Rebecca is a book that I had to give myself over to completely in order enjoy it. The whole experience depends on buying into the moldering, gothic suspense of it all.
Unfortunately, this requires putting up with the unnamed heroine being a hopeless ninny for the first two-thirds of the story. But once I set aside her fear of every person she encounters and her inability to talk to her own husband and went with the flow of the story, I was eventually swept away.
At the center of the story is Manderley, the seaside mansion of Max de Winter. The house is as much a character in the book as the people, providing atmosphere and an elaborate setting with closed-off wings, back passages, dark woods, and hidden coves. The house and all it stands for also motivates the characters and leads, eventually, to their undoing.

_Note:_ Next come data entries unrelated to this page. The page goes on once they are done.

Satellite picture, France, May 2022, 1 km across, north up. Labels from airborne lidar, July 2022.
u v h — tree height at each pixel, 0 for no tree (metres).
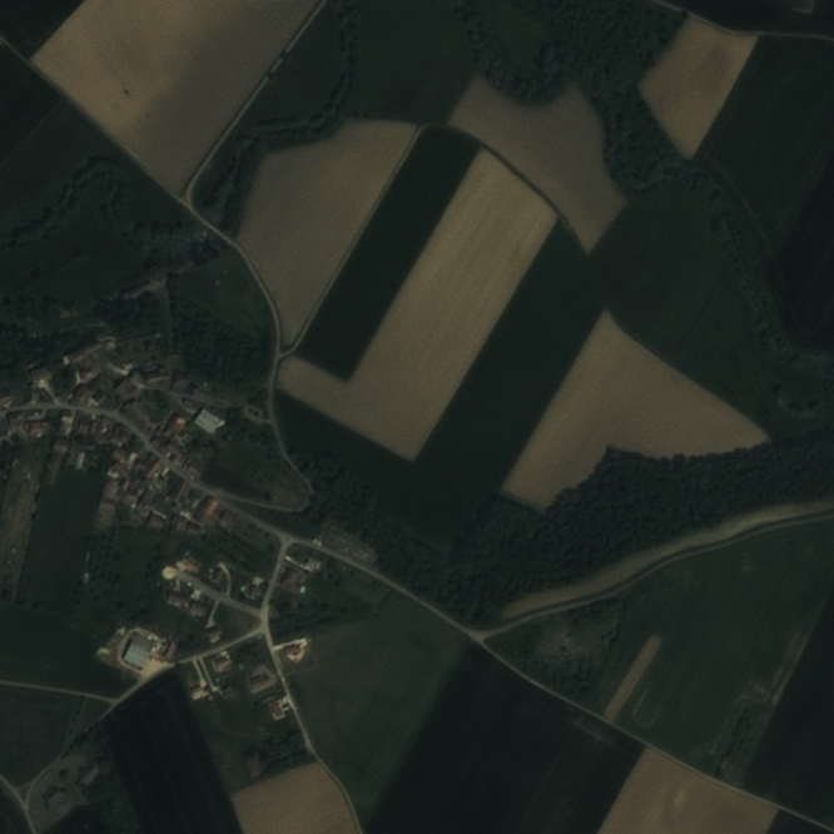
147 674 0
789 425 0
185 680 0
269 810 0
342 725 0
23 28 0
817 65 0
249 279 0
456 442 0
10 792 0
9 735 0
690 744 0
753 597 0
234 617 0
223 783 0
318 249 0
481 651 0
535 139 0
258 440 9
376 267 0
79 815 0
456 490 0
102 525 0
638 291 0
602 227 0
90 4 0
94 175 14
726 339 0
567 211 0
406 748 0
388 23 0
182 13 0
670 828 0
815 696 0
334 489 21
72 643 0
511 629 0
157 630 0
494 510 18
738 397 0
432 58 0
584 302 0
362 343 0
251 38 0
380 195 0
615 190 0
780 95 0
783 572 0
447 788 0
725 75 0
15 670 0
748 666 0
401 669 0
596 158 0
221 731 0
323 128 11
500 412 0
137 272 0
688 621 0
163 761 0
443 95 0
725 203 10
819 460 23
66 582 0
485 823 0
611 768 0
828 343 0
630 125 13
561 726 0
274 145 0
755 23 0
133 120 0
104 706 0
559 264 0
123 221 17
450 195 0
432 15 0
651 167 12
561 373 0
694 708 0
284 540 0
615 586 0
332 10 0
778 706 0
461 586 20
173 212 0
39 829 0
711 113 0
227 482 0
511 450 0
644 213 0
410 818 0
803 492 18
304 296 0
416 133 0
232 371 14
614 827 0
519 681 0
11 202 0
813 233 0
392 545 22
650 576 0
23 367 17
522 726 0
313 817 0
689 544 0
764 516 0
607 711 0
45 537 0
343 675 0
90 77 0
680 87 0
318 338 0
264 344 14
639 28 18
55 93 0
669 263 0
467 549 24
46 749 0
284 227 0
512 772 0
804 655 0
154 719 0
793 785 0
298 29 0
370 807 0
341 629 0
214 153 0
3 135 0
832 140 0
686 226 0
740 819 0
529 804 0
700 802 0
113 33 0
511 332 0
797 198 0
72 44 0
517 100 13
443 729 0
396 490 0
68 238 0
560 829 0
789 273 0
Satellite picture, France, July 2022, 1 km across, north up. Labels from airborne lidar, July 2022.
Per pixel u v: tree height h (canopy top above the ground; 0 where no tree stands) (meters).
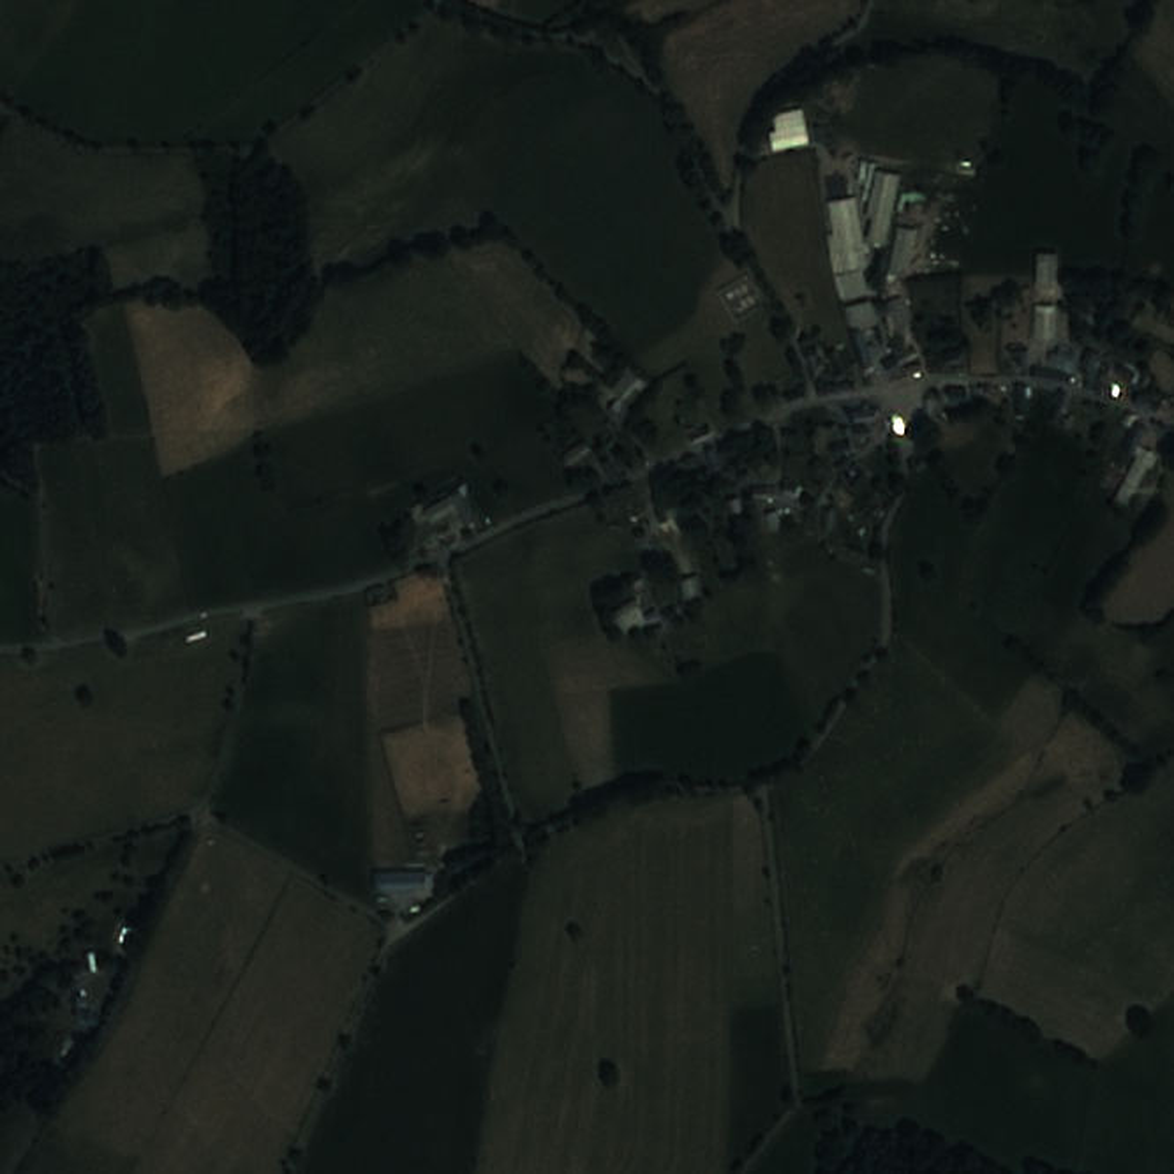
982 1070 0
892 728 0
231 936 0
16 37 0
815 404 0
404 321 0
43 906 0
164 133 0
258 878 0
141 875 0
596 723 0
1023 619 0
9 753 0
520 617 0
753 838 0
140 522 0
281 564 0
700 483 10
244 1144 0
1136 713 0
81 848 10
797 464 0
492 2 0
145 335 0
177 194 0
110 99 0
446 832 0
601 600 15
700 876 0
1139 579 0
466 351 0
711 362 0
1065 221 0
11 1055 9
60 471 0
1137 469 0
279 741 0
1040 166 0
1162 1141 0
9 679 0
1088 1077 0
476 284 0
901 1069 0
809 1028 0
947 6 0
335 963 0
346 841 0
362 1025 0
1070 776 0
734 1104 0
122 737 0
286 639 0
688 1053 0
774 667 0
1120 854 0
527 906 0
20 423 28
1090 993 0
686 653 0
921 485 0
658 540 0
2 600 0
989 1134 0
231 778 0
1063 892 0
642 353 0
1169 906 0
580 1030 0
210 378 0
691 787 15
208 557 0
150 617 0
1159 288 12
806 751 17
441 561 0
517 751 0
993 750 0
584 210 0
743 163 16
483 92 0
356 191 0
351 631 0
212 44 0
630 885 0
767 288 14
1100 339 17
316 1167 0
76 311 7
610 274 0
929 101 0
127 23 0
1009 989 0
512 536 0
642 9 0
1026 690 0
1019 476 0
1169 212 0
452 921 0
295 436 0
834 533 0
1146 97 0
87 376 26
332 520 0
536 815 0
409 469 0
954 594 0
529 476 0
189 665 0
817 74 19
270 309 18
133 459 0
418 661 0
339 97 0
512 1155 0
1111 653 0
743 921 0
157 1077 0
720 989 0
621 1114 0
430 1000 0
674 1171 0
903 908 0
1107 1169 0
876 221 0
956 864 0
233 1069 0
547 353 0
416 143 0
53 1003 13
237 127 0
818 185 0
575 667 0
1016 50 0
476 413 0
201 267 0
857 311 0
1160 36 0
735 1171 9
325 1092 14
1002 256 0
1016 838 0
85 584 0
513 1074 0
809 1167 0
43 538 0
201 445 0
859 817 0
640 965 0
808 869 0
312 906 0
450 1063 0
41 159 0
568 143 0
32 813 0
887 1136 13
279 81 0
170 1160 0
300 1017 0
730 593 0
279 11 0
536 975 0
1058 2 0
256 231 17
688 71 0
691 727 0
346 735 0
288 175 16
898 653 0
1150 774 14
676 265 0
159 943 0
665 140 0
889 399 0
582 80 0
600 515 7
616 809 0
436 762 0
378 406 0
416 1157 0
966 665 0
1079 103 19
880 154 0
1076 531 0
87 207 0
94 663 0
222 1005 0
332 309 0
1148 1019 17
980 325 18
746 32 0
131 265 0
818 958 0
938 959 0
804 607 0
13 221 0
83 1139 0
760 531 0
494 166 0
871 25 0
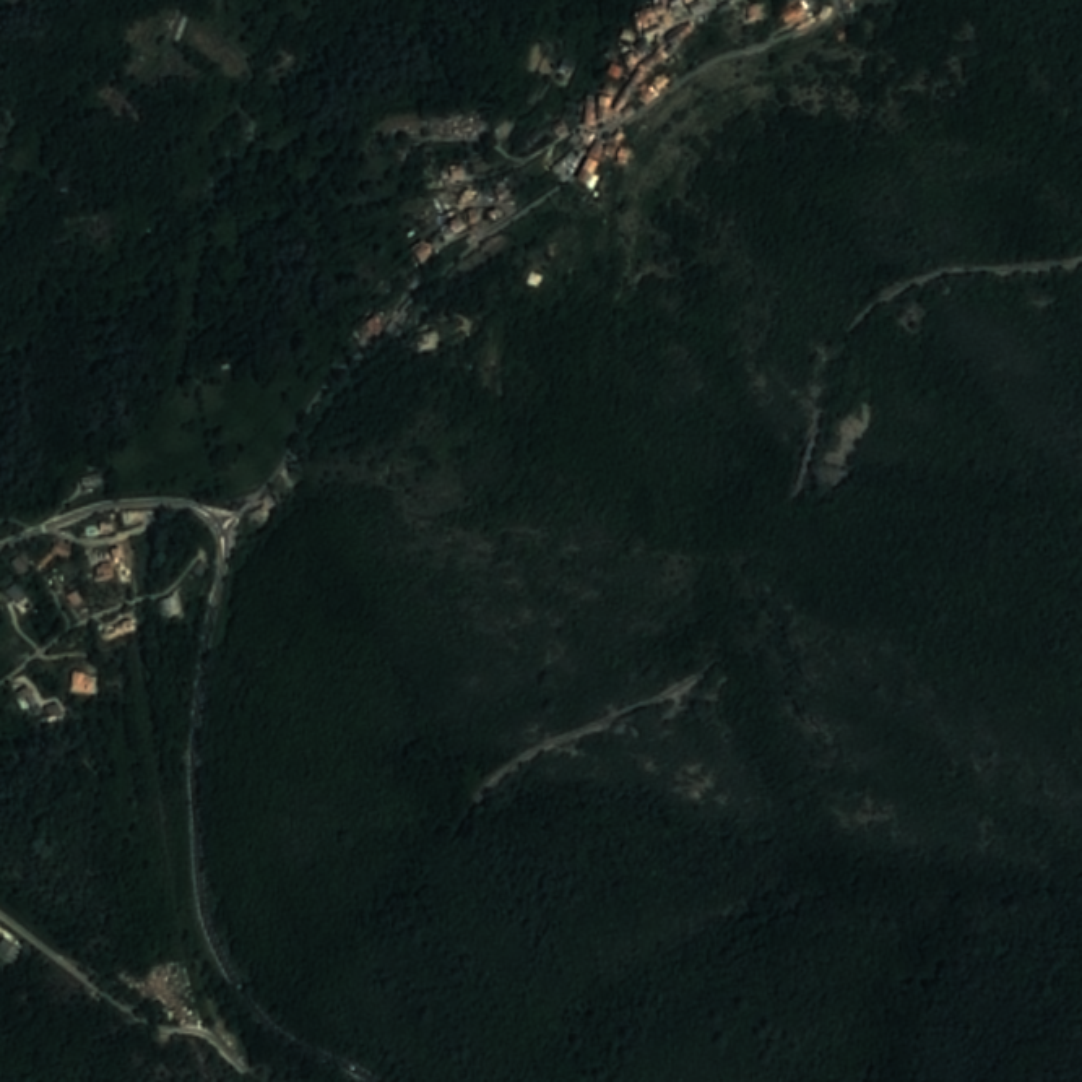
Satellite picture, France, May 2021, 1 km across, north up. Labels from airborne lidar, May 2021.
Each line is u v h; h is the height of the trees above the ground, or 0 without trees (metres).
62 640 6
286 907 12
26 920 0
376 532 6
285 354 22
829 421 7
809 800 10
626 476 11
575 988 7
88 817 16
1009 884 27
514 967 9
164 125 10
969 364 12
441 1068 8
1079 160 12
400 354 14
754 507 11
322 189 19
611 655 6
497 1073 13
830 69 7
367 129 13
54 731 12
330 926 12
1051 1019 19
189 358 10
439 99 19
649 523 10
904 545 14
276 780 9
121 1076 10
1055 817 8
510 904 16
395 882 19
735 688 13
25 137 18
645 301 6
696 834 17
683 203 14
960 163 6
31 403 21
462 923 7
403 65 29
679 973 16
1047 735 5
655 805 20
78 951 10
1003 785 6
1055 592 14
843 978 9
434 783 18
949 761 10
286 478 0
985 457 8
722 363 9
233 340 17
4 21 24
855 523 10
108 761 17
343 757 9
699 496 13
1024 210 8
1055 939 16
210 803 18
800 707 9
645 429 7
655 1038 7
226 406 0
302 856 8
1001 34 10
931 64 11
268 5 15
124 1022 10
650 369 8
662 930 5
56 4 16
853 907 20
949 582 10
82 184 18
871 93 9
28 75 12
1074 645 10
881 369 9
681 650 16
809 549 7
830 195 10
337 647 13
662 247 15
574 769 7
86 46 12
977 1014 13
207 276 15
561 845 15
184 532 16
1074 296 9
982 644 9
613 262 7
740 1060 9
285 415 0
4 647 0
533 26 13
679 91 0
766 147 14
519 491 8
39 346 13
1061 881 22
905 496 15
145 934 12
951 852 15
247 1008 16
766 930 22
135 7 12
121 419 20
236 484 0
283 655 8
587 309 11
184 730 15
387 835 11
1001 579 11
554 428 14
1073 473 6
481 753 7
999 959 11
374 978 7
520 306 7
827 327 13
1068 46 13
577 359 13
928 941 28
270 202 12
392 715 8
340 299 10
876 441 8
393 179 8
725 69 0
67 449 17
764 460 20
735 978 12
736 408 6
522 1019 10
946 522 16
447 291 11
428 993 15
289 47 16
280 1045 16
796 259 7
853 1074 15
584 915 10
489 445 7
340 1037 8
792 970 16
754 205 12
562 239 0
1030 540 12
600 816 16
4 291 11
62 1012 13
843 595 8
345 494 7
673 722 6
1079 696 7
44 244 13
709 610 17
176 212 19
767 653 7
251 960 14
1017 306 10
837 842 21
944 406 9
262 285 14
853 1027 11
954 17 11
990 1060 13
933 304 12
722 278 7
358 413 13
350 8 12
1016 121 9
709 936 15
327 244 7
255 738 14
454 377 7
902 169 7
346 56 20
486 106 15
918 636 12
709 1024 9
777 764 11
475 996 11
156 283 17
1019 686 6
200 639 16
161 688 16
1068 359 7
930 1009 18
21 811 13
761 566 10
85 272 14
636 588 7
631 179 0
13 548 7
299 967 15
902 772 7
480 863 11
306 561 15
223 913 12
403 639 7
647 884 11
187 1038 6
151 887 7
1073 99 7
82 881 14
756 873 10

When brooding Max brings his new young bride to Manderley, both are haunted by his beautiful, vivacious first wife Rebecca – he in memory, the bride in imagination. By the time both shake loose from Rebecca’s beyond-the-grave grip, it is too late.
Even when the book is frustrating, it is admirable in its relentless adherence to the genre. Every detail layers on the suffocating suspense, from the spooky skull-headed housekeeper, to the relentless summer heat, to the rat-gnawn day bed in the boathouse. Daphne du Maurier created a perfect neo-gothic thriller in Rebecca.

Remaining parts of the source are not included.